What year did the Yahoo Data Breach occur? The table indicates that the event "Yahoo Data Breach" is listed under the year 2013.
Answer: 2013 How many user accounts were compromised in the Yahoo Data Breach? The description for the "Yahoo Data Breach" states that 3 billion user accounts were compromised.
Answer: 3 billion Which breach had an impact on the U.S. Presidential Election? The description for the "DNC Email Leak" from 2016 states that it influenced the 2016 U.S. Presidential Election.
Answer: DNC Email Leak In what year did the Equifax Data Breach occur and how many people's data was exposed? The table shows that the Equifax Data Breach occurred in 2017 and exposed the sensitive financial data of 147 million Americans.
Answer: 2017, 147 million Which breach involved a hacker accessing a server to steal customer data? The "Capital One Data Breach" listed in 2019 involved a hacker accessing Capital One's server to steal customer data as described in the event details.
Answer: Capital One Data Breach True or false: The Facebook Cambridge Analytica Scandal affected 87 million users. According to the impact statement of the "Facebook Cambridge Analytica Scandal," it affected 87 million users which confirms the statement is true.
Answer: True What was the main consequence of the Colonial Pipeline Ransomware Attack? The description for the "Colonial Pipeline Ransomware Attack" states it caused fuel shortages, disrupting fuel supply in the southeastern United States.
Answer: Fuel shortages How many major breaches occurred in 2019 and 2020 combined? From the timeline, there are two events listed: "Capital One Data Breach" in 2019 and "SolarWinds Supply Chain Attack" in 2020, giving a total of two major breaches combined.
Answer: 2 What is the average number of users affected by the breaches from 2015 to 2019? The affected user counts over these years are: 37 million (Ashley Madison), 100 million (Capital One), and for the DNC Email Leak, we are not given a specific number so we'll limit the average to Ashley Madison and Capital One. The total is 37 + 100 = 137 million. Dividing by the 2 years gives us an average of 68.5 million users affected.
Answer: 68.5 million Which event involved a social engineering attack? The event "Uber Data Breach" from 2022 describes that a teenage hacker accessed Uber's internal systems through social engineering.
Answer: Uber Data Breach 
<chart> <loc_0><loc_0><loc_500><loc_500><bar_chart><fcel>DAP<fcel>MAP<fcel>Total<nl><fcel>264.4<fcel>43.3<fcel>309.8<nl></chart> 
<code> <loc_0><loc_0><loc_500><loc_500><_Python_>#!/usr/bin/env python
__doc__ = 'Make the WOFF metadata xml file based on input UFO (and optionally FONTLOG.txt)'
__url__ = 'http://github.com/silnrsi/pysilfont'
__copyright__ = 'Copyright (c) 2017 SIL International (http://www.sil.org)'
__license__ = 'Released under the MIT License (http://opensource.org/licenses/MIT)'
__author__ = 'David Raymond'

==========

Exercise details:
Lines holding the string "billion" must be copied out of the entries above.

Task output:
Answer: 2013 How many user accounts were compromised in the Yahoo Data Breach? The description for the "Yahoo Data Breach" states that 3 billion user accounts were compromised.
Answer: 3 billion Which breach had an impact on the U.S. Presidential Election? The description for the "DNC Email Leak" from 2016 states that it influenced the 2016 U.S. Presidential Election.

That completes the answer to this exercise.